La rentabilité à la fin d’un exercice, c’est le rendement de tous les actifs d’offre et de demande. Cette valeur, l’EBITDA, sort de la poche du client pour aller dans celle de l’entreprise. Lorsque vous calculez la rentabilité de ces actifs, vous ne pouvez pas les additionner : ajouter la rentabilité du capital client à celle du capital fournisseurs, revient à compter en partie deux fois la même chose.

Comment calculer la valeur du capital client, par exemple pour une entreprise de conseil, où les clients sont en général assez stables ? Votre capital client constitue l’essentiel de vos revenus d’aujourd’hui et demain. Les 100 clients que vous avez aujourd’hui vont vous générer toute la rentabilité de l’année. Mais ces 100 clients, l’année prochaine, ne seront peut être plus que 85, et après 80, 70 etc., jusqu’à ce que le dernier client d’aujourd’hui aie été perdu, parce qu’il y a tout de même un peu de turnover. L’actif client d’aujourd’hui va vous générer une certaine rentabilité. La valeur de rendement du capital client, c’est ce que ces 100 clients vous rapportent et rapporteront.

Maintenant regardez les actifs d’offre. La rentabilité de l’année, c’est le rendement de 100% des actifs d’offre : machine, organisation, marque etc. La question que vous devez vous poser, pour calculer la valeur du capital humain, c’est le poids du capital humain dans le processus de création de valeur. Ce poids est très variable d’une entreprise à l’autre. Pour un cabinet de conseil, l’essentiel des actifs d’offre, c’est le capital humain.

In fine on répartit la contribution à la rentabilité entre les actifs d’offre et de demande. Je vous conseille d’aller voir le livre que j’ai publié (Valoriser le capital immatériel de l’entreprise, Alan Fustec et Bernard Marois, Editions d’Organisation, 2006), c’est très bien expliqué !

N’y a-t-il pas un problème de subjectivité dans les mesures ?
Il y a un problème de subjectivité qui est absolument inéluctable. Mais ce n’est pas parce qu’il persiste qu’il ne faut pas mesurer. Certains critères peuvent être évalués objectivement, pour d’autres ce sera nécessairement subjectif.

Par exemple, si vous êtes expert dans le secteur bancaire, et que vous remarquez qu’à l’intérieur d’une équipe, vous avez 20% de turnover, alors que vous savez que la moyenne du secteur est à 7%, vous pouvez affirmer objectivement qu’il y a un problème.

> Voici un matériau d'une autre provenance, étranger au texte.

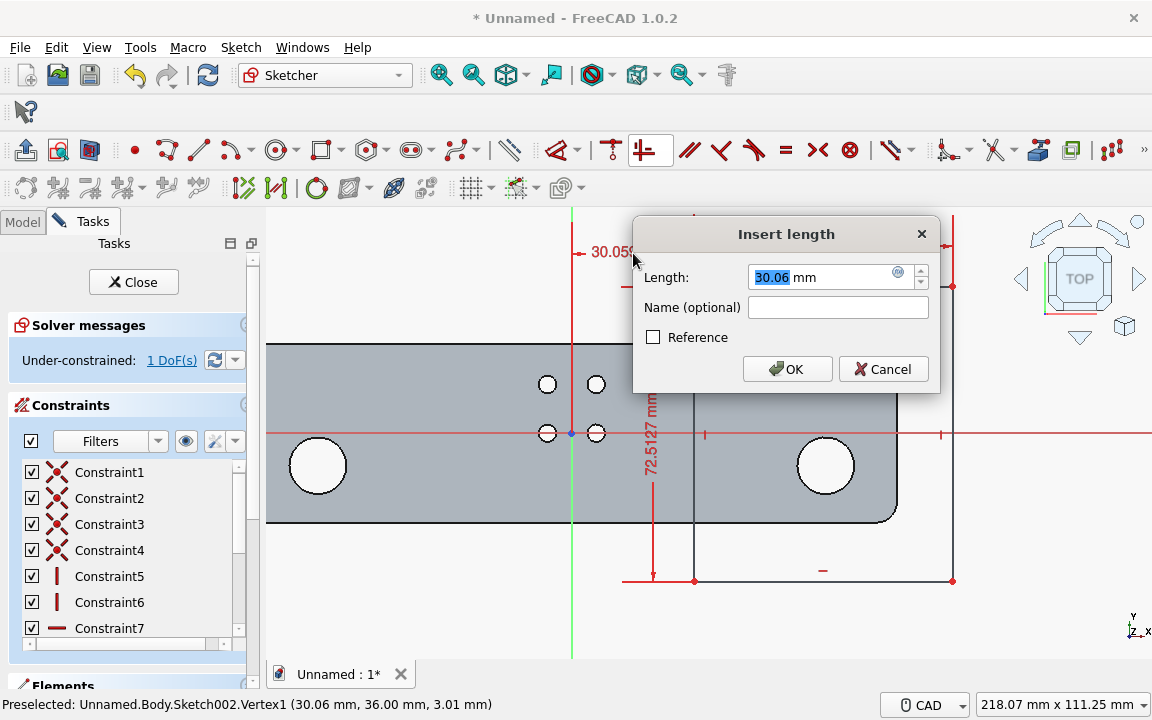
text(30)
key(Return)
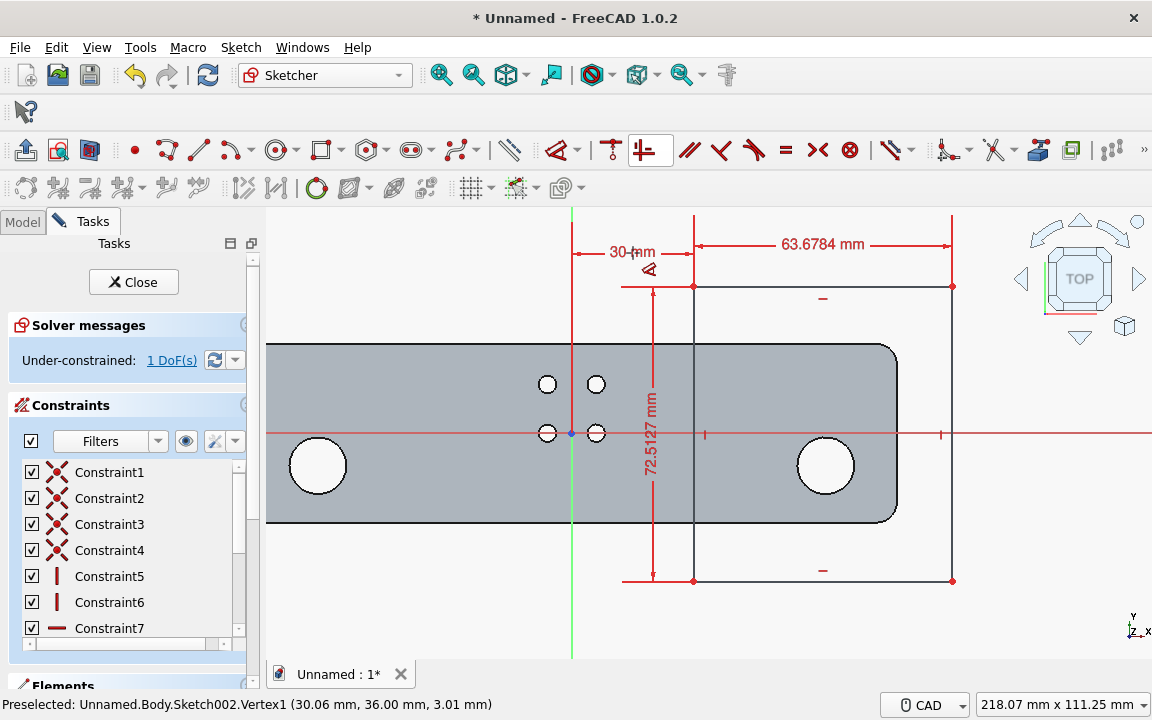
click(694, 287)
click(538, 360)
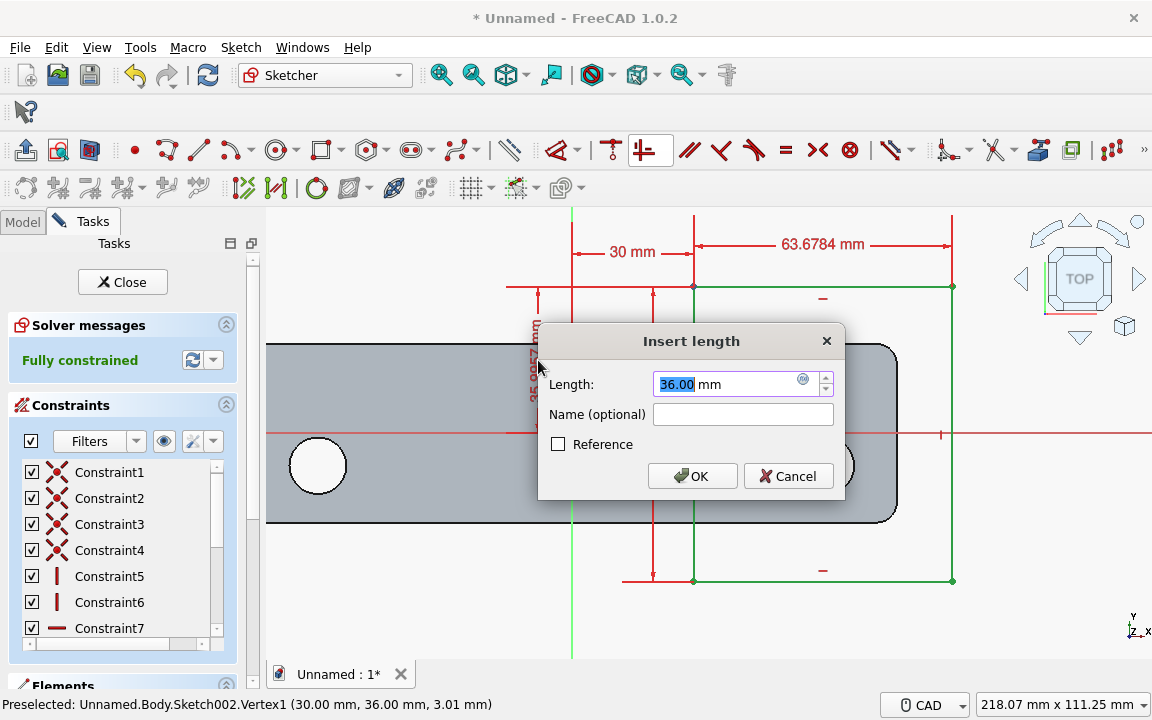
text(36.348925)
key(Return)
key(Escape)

Mais comment évaluer le climat d’une entreprise ? Là, on compile beaucoup d’informations pour se forger sa propre opinion, mais ce sera nécessairement subjectif. Une première méthodologie consiste à mesurer de nombreux indicateurs : taux d’absentéisme, turnover, nombre de jours de formation, nombre de dossiers aux prud’hommes, etc. Une deuxième méthodologie consiste à réunir des collaborateurs, leur poser séparément les mêmes questions, du type «telle équipe est-elle compétente, un tel peut-il travailler en équipe, sont-ils bons, très bons, moyens, très moyens et pourquoi ?».

Si on obtient le même résultat pour tout le monde, je peux vous assurer qu’il n’y a pas besoin de mesure objective ! Pour moi, faire preuve de subjectivité et de bon sens c’est la même chose. Est-ce qu’un professeur de philosophie ne notera pas ses élèves sous prétexte que la notation dans cette matière est soumise à un fort aléa subjectif ?

Y a-t-il de bonnes pratiques en matière d’évaluation ?
Il y a beaucoup de bonnes pratiques qui sont réparties chez différents acteurs. Si vous vous intéressez à la valorisation des actifs incorporels, vous allez trouver des gens pointus dans les cabinets d’audit. Cependant là où il y a encore des progrès à faire, tant chez les auditeurs que dans les grandes directions comptables, c’est qu’on immobilise les incorporels trop souvent sans les avoir évalués qualitativement.

Si vous voulez acheter une maison dans tel quartier et dans telle ville, vous vous demandez quel est le prix au mètre carré sans aller voir la maison… Alors qu’il faudrait d’abord se demander si elle est bien orientée, étanche, etc. On n’achète pas un actif sans le tester qualitativement. Beaucoup d’immobilisations incorporelles, aujourd’hui, sont faites sans évaluation qualitative, parce que les financiers négligent le qualitatif.

Propos recueillis par les étudiants du projet collectif «Tribune Sciences-Po de l’économie de l’immatériel».